17 min readMike ThriftMike Thrift
OSHA Form 300, 300A, and 301 Injury and Illness Recordkeeping in 2026: The Complete Compliance Playbook for Small and Mid-Size Employers

Every February 1, a quiet ritual plays out in break rooms, warehouse offices, and back-of-house corridors across America: a manager prints a single piece of paper, tapes it to a corkboard, and walks away. That piece of paper is OSHA Form 300A — the Annual Summary of Work-Related Injuries and Illnesses — and forgetting to post it is one of the most common recordkeeping citations OSHA writes. The penalty for a single missed posting now exceeds $16,000 per violation, and the agency increasingly chains recordkeeping failures into willful or repeat findings that climb past $160,000 per item.

The recordkeeping rules under 29 CFR Part 1904 have been on the books since 2001, but the past three years have brought the biggest changes in two decades. The 2024 final rule expanded electronic submission to require Forms 300 and 301 — not just the 300A summary — for establishments with 100 or more employees in designated high-hazard industries. The Injury Tracking Application (ITA) now publishes establishment-level data in a searchable public database. And the agency's enforcement focus has shifted toward audits of the underlying recordability decisions, not just the paperwork.

If you operate a construction firm, manufacturer, warehouse, hospital, restaurant, retail chain, or any other workplace with more than 10 employees, this guide will walk you through what to record, when to record it, who has to submit electronically, and how to build a recordkeeping program that survives the OSHA Compliance Safety and Health Officer (CSHO) who knocks on your door.

What the Three Forms Actually Do

OSHA's recordkeeping system rests on a three-form architecture, and confusing the forms is the most common source of compliance errors.

Form 300 is the rolling log.
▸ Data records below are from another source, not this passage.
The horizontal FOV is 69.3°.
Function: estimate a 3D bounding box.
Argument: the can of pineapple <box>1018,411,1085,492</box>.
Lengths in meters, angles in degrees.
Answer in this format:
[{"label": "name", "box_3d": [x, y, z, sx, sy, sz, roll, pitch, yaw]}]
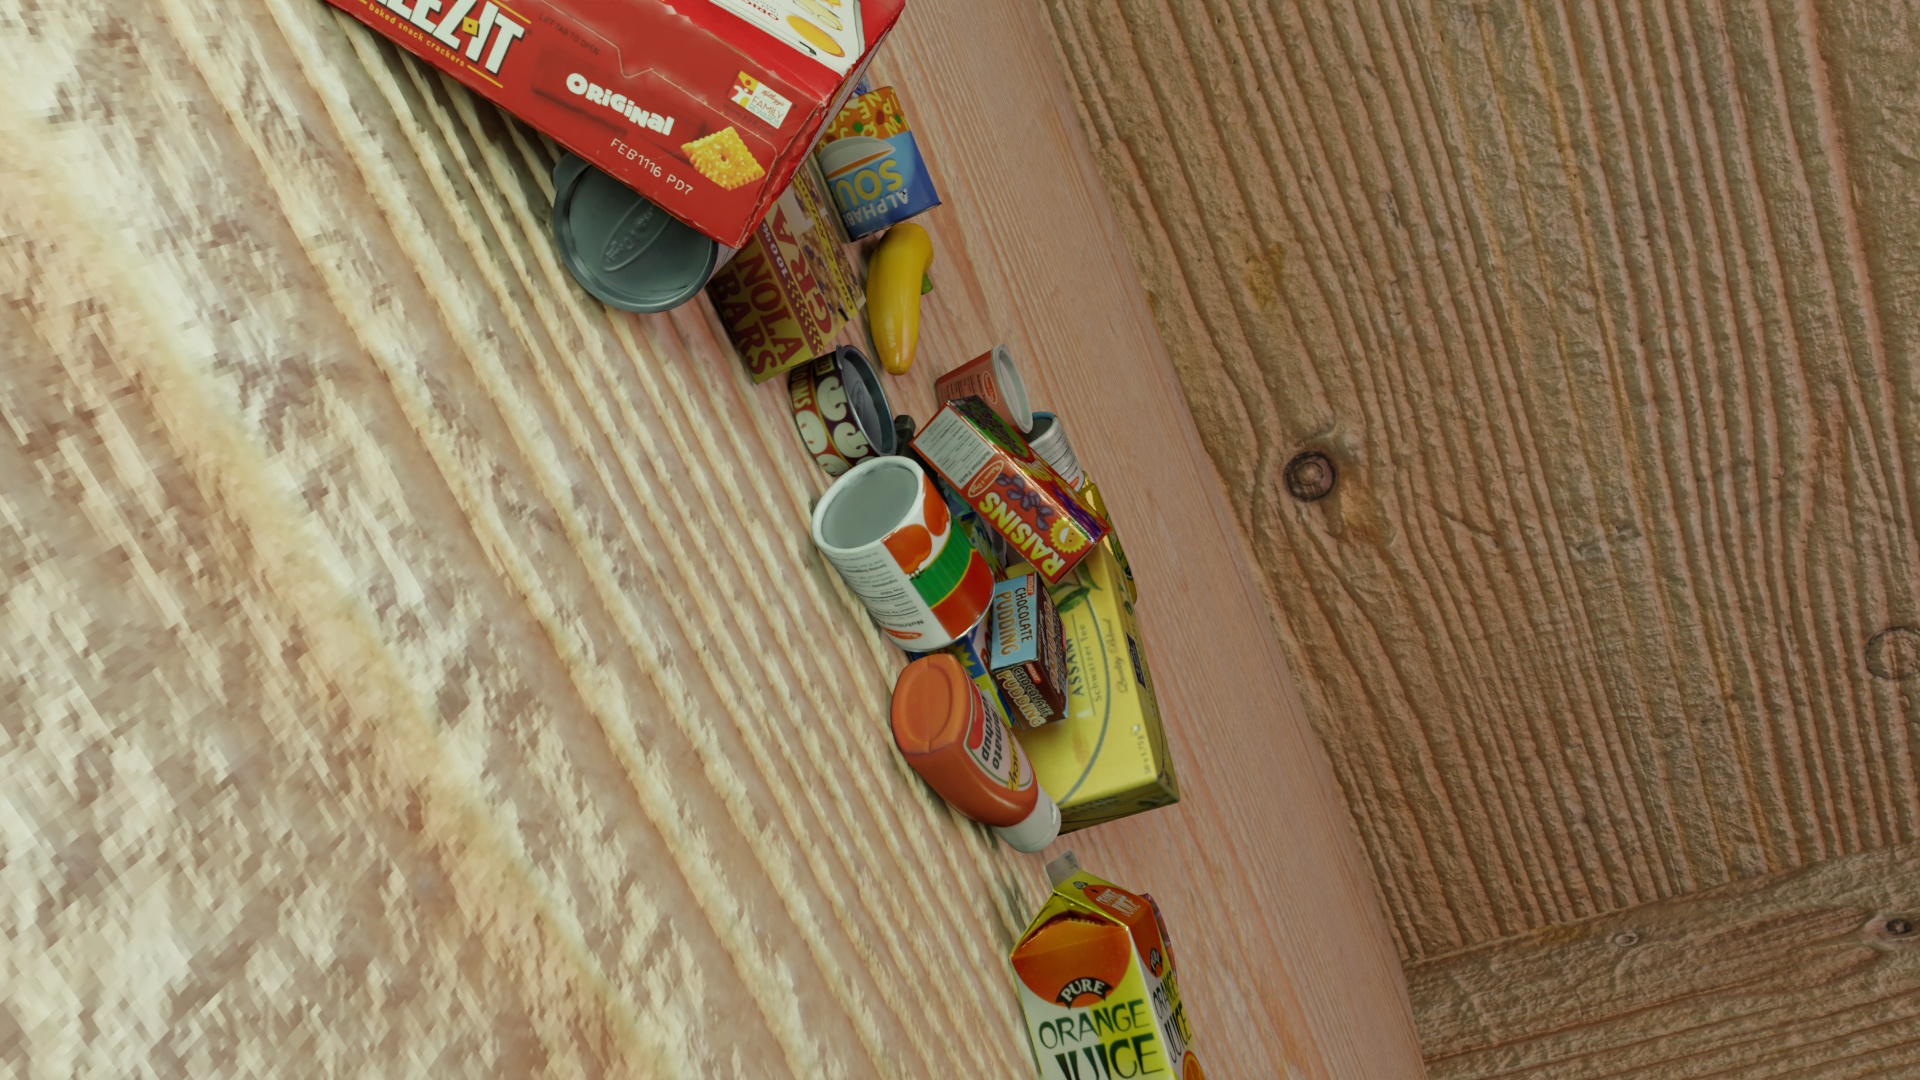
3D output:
[{"label": "can of pineapple", "box_3d": [0.055, -0.061, 1.089, 0.071, 0.071, 0.057, -80, 148, -60]}]

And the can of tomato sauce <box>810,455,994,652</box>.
[{"label": "can of tomato sauce", "box_3d": [-0.029, 0.005, 0.717, 0.071, 0.071, 0.082, -93, 157, -45]}]

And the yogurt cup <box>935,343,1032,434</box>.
[{"label": "yogurt cup", "box_3d": [0.017, -0.103, 1.024, 0.072, 0.054, 0.072, -20, 91, -74]}]

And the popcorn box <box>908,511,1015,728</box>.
[{"label": "popcorn box", "box_3d": [0.004, 0.049, 0.828, 0.127, 0.038, 0.085, -78, 145, -62]}]

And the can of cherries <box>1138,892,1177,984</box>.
[{"label": "can of cherries", "box_3d": [0.097, 0.255, 0.860, 0.071, 0.058, 0.071, -20, 91, -74]}]

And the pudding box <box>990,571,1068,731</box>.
[{"label": "pudding box", "box_3d": [0.040, 0.063, 0.805, 0.084, 0.030, 0.049, -85, 153, -55]}]

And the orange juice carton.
[{"label": "orange juice carton", "box_3d": [0.083, 0.269, 0.770, 0.072, 0.073, 0.193, 15, 56, -71]}]

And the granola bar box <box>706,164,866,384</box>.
[{"label": "granola bar box", "box_3d": [-0.109, -0.177, 0.715, 0.125, 0.039, 0.165, -70, 137, -66]}]

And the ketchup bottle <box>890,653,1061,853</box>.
[{"label": "ketchup bottle", "box_3d": [0.012, 0.124, 0.759, 0.148, 0.043, 0.065, 55, 25, -46]}]

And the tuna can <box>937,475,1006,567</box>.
[{"label": "tuna can", "box_3d": [0.003, -0.011, 0.909, 0.071, 0.033, 0.071, -21, 91, -74]}]

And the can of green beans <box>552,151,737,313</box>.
[{"label": "can of green beans", "box_3d": [-0.123, -0.132, 0.565, 0.058, 0.071, 0.071, -77, 145, -64]}]

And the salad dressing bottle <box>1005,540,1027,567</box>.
[{"label": "salad dressing bottle", "box_3d": [0.060, 0.021, 1.045, 0.064, 0.044, 0.147, -64, 134, -71]}]

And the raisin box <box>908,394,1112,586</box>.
[{"label": "raisin box", "box_3d": [0.033, -0.034, 0.852, 0.123, 0.040, 0.086, 45, 14, 3]}]

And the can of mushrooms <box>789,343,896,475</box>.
[{"label": "can of mushrooms", "box_3d": [-0.064, -0.072, 0.753, 0.071, 0.033, 0.071, -20, 91, -74]}]

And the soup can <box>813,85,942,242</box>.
[{"label": "soup can", "box_3d": [-0.060, -0.248, 0.921, 0.071, 0.071, 0.083, -62, 130, -69]}]

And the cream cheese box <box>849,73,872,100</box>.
[{"label": "cream cheese box", "box_3d": [-0.090, -0.334, 0.994, 0.104, 0.024, 0.053, -20, 91, -74]}]

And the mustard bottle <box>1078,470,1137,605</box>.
[{"label": "mustard bottle", "box_3d": [0.112, -0.010, 1.244, 0.065, 0.049, 0.160, -58, 127, -72]}]

Every recordable work-related injury and illness during the calendar year gets one line. The log captures the case number, the employee's name (with privacy-case substitutions), the job title, the date of injury or illness, where the event occurred, a description of the injury, the outcome classification (death, days away, restricted work, other recordable), and the number of days away or restricted.
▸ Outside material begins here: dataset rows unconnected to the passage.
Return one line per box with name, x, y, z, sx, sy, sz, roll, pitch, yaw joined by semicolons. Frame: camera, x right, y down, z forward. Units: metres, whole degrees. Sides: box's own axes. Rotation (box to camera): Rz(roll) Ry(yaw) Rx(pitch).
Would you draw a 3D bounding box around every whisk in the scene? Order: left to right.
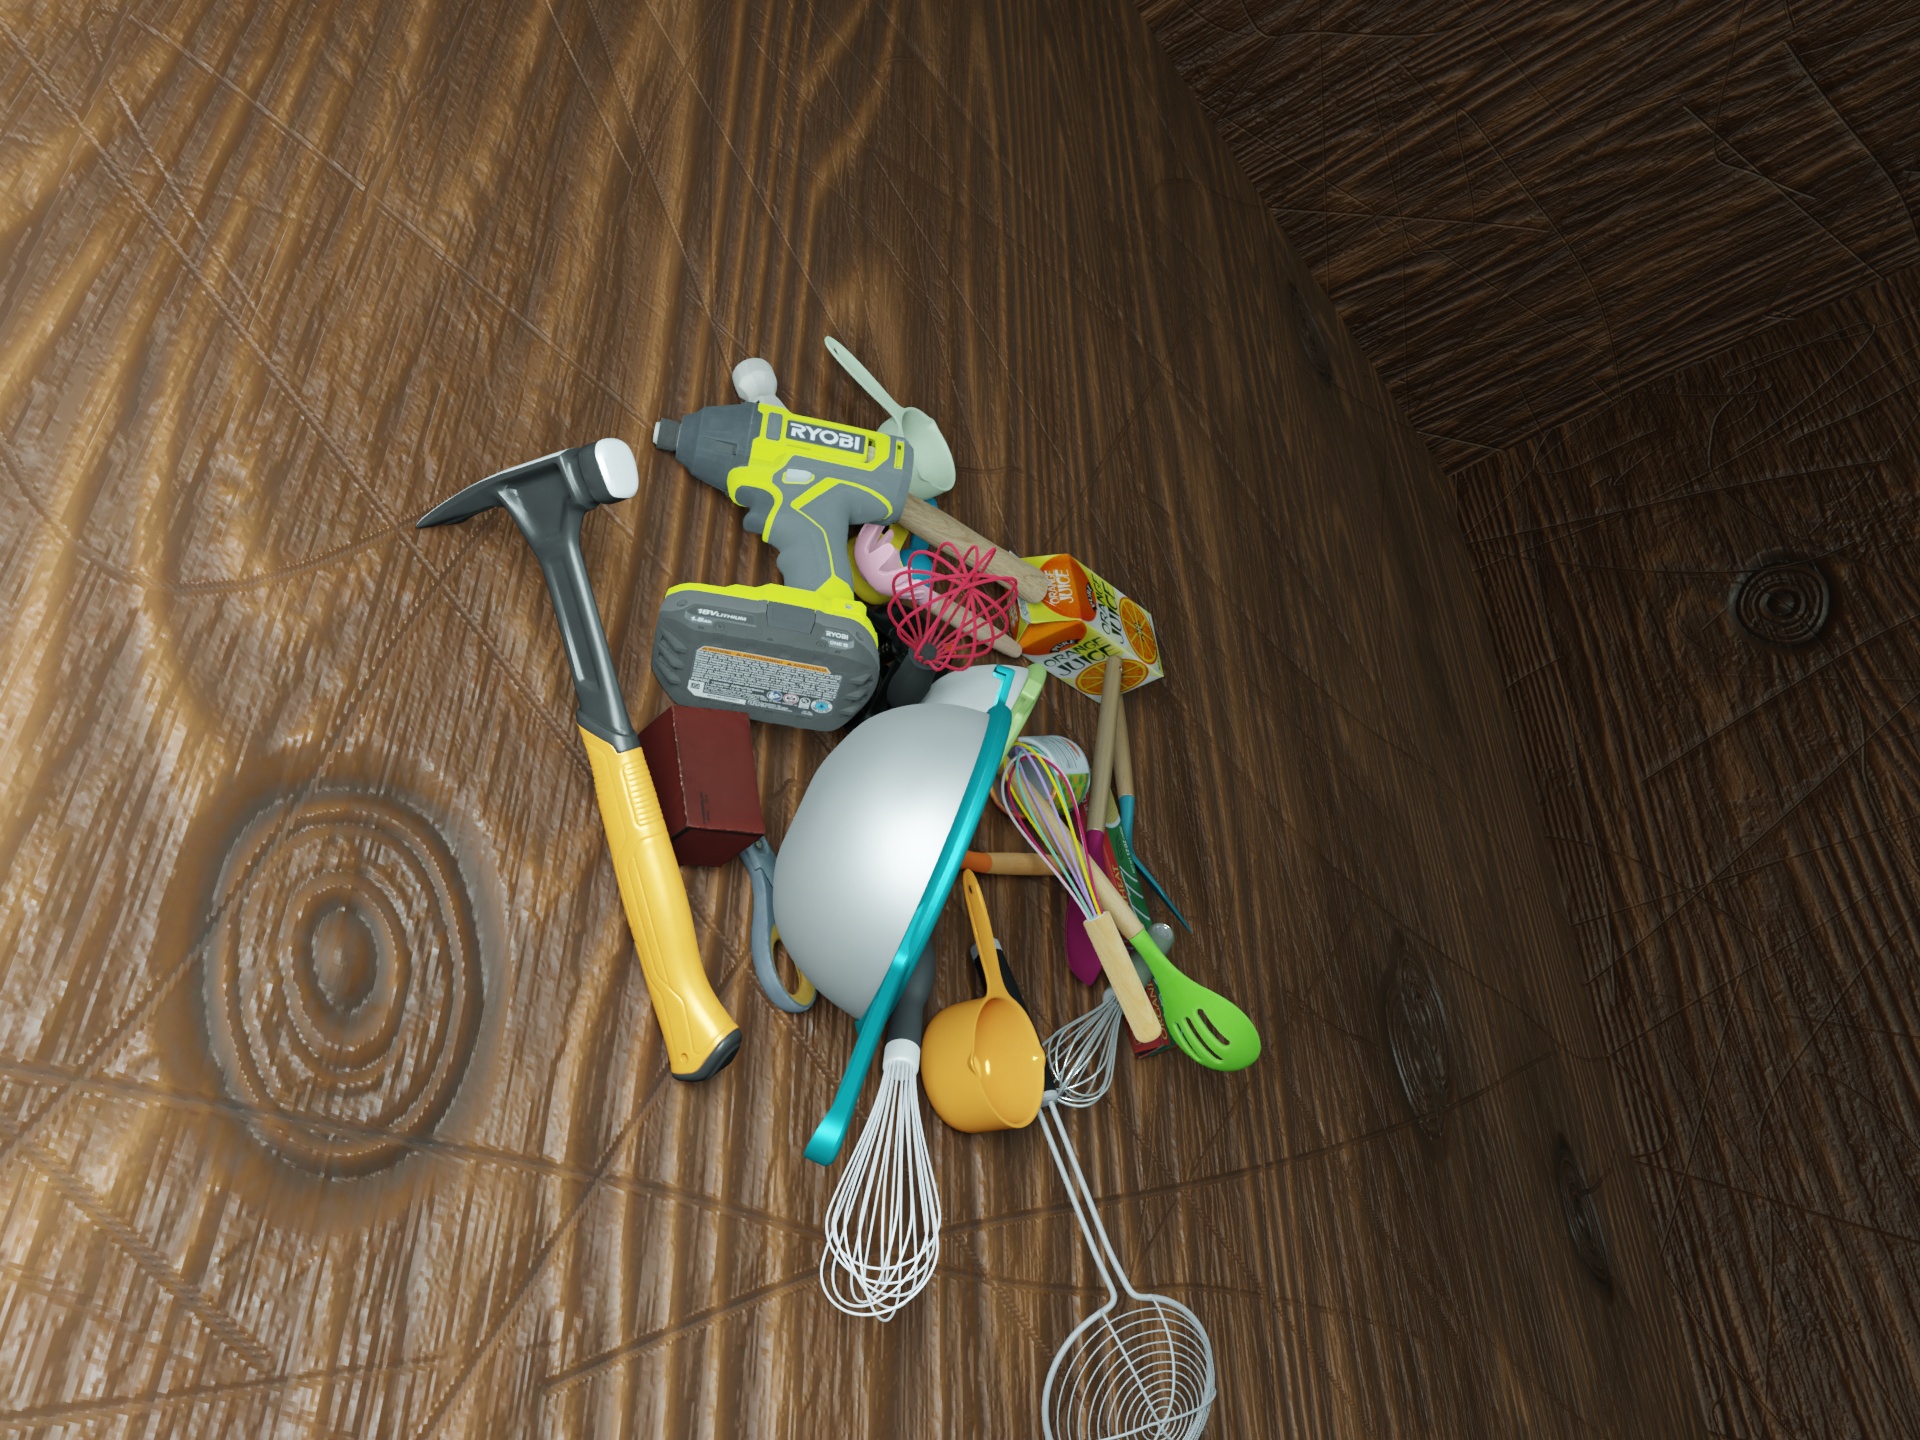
whisk;-0.040;0.233;0.970;0.070;0.070;0.285;49;27;-29
whisk;-0.019;-0.047;0.987;0.295;0.073;0.073;126;-54;-75
whisk;0.091;0.127;1.192;0.245;0.047;0.051;65;26;-1
whisk;0.119;0.223;1.232;0.058;0.059;0.246;30;32;12

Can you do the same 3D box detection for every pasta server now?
pasta server;-0.007;-0.092;1.242;0.060;0.040;0.316;62;15;20

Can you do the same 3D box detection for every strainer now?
strainer;-0.065;0.103;0.875;0.095;0.211;0.341;24;32;-2
strainer;-0.002;-0.004;1.188;0.069;0.151;0.256;31;14;-5

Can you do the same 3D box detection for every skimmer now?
skimmer;0.068;0.327;1.088;0.127;0.090;0.364;-8;59;-24

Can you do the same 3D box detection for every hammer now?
hammer;-0.187;0.030;0.842;0.034;0.127;0.337;-24;100;-64
hammer;-0.039;-0.161;1.238;0.331;0.031;0.130;26;33;-45

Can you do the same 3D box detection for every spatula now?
spatula;0.034;0.114;1.193;0.041;0.081;0.322;43;14;24
spatula;0.162;0.049;1.471;0.082;0.044;0.318;50;28;-48

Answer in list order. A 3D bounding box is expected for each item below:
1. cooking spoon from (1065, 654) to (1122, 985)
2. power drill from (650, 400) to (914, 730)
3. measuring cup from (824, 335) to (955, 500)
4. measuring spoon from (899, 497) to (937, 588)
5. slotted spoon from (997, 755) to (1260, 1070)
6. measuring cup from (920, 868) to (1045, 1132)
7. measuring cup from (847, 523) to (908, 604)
cooking spoon;0.116;0.074;1.339;0.068;0.017;0.319;46;42;-41
power drill;-0.122;-0.111;1.016;0.171;0.080;0.223;10;50;-10
measuring cup;-0.068;-0.247;1.309;0.167;0.038;0.083;45;34;-31
measuring spoon;-0.027;-0.151;1.318;0.042;0.021;0.129;49;33;-29
slotted spoon;0.117;0.144;1.219;0.314;0.070;0.031;52;42;6
measuring cup;0.004;0.189;1.066;0.095;0.052;0.174;13;61;-57
measuring cup;-0.062;-0.140;1.252;0.062;0.029;0.157;55;23;-22

Form 300A is the annual summary. At the end of each calendar year, you total the cases from the Form 300 log into the 300A summary by case type and by injury or illness classification, sign it under penalty of perjury, and post it from February 1 through April 30 in a conspicuous workplace location. The 300A is the form your employees, former employees, and their representatives have a right to see.

Form 301 is the incident report. For each recordable case, you must complete a Form 301 (or an equivalent form like a workers' compensation first report of injury) within seven calendar days of receiving information that a recordable injury or illness occurred. The 301 captures the case detail: who, what, where, when, how the injury happened, the object or substance that directly harmed the employee, and the body part affected.

You may use OSHA's forms or any equivalent that captures the same information with the same level of detail. Most modern EHS software, HRIS platforms, and workers' compensation carriers offer integrated 300/300A/301 modules.

Who Has to Keep Records

The basic rule is straightforward: if you had more than 10 employees at any point during the previous calendar year and your establishment is not on the partial-exemption list, you must keep Part 1904 records. Headcount is measured across all establishments and all employees of the employer, including part-time, temporary, and seasonal workers — not establishment by establishment.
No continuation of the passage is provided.